Top of Data shown

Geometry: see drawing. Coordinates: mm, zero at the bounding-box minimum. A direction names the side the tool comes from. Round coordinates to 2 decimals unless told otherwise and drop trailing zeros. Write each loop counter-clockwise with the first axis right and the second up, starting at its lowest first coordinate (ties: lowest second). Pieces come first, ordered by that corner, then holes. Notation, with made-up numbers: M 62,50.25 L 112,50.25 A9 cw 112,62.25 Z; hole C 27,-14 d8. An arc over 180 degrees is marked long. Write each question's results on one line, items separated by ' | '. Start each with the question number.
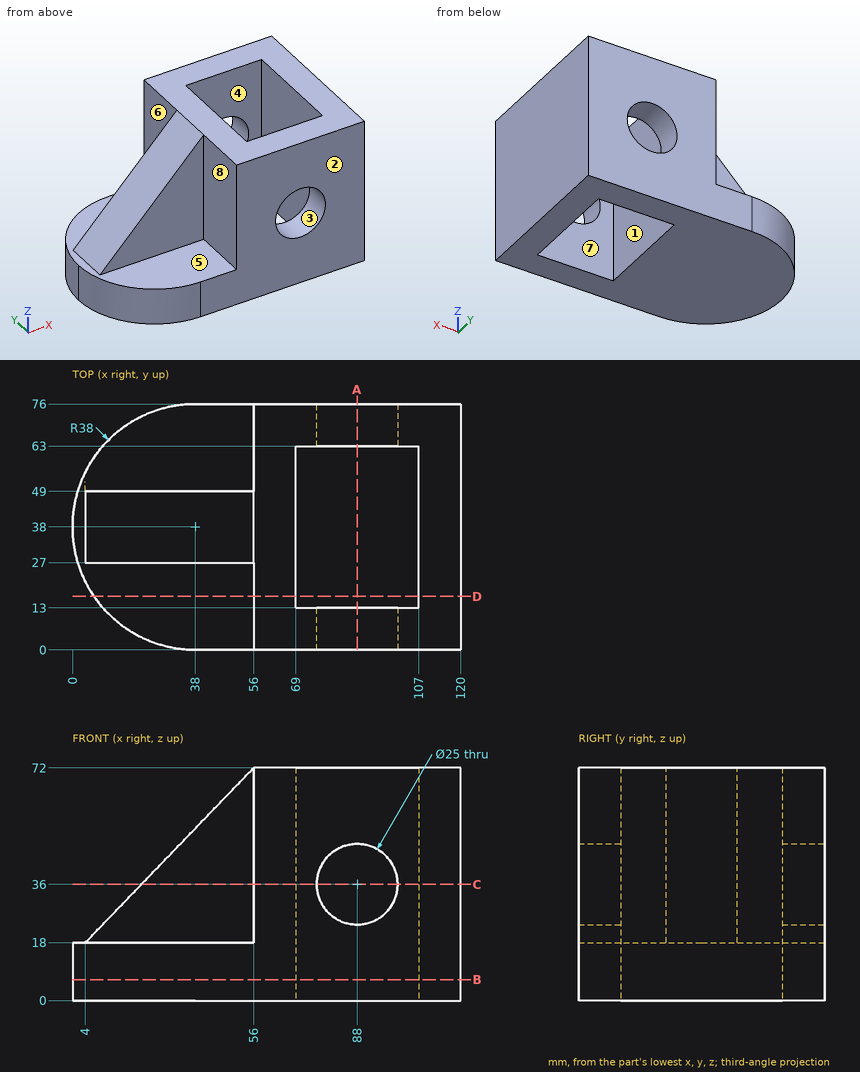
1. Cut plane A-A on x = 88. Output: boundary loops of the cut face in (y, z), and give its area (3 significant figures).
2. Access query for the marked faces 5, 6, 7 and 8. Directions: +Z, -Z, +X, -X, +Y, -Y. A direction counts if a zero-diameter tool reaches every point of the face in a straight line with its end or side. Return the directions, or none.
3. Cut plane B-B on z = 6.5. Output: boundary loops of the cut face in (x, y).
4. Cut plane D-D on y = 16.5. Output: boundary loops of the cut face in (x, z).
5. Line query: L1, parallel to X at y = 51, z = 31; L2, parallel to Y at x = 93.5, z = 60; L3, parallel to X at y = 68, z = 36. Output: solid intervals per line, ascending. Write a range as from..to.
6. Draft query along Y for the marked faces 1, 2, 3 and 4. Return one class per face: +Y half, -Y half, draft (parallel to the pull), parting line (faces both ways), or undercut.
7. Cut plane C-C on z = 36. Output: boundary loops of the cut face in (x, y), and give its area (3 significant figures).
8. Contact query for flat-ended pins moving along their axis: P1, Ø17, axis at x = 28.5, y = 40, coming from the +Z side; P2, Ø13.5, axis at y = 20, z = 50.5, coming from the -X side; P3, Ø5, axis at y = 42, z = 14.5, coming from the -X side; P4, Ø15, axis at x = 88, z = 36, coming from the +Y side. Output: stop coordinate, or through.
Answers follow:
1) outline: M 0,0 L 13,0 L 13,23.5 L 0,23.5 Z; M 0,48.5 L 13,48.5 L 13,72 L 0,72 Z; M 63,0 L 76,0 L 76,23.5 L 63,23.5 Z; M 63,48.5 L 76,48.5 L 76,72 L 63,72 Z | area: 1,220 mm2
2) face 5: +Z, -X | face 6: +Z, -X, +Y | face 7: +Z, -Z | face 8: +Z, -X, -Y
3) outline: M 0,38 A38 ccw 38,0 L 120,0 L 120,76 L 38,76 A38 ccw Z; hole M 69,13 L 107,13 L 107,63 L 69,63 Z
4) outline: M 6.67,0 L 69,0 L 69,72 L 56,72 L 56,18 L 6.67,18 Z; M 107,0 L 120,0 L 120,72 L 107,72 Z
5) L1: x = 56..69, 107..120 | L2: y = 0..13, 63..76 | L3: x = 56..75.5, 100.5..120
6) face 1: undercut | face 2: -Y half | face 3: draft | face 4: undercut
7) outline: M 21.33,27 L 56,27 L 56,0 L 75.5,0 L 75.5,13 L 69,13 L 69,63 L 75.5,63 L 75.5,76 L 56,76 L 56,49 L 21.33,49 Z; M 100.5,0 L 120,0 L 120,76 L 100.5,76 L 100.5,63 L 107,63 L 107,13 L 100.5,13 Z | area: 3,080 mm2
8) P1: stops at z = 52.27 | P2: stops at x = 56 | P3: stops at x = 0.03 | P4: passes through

Bottom of Data shown

Starting with the line with "2. Access query" above and going on through the line with "5. Line query: L1, parallel", transcribe every line exactly, both ends included, and add nothing.

2. Access query for the marked faces 5, 6, 7 and 8. Directions: +Z, -Z, +X, -X, +Y, -Y. A direction counts if a zero-diameter tool reaches every point of the face in a straight line with its end or side. Return the directions, or none.
3. Cut plane B-B on z = 6.5. Output: boundary loops of the cut face in (x, y).
4. Cut plane D-D on y = 16.5. Output: boundary loops of the cut face in (x, z).
5. Line query: L1, parallel to X at y = 51, z = 31; L2, parallel to Y at x = 93.5, z = 60; L3, parallel to X at y = 68, z = 36. Output: solid intervals per line, ascending. Write a range as from..to.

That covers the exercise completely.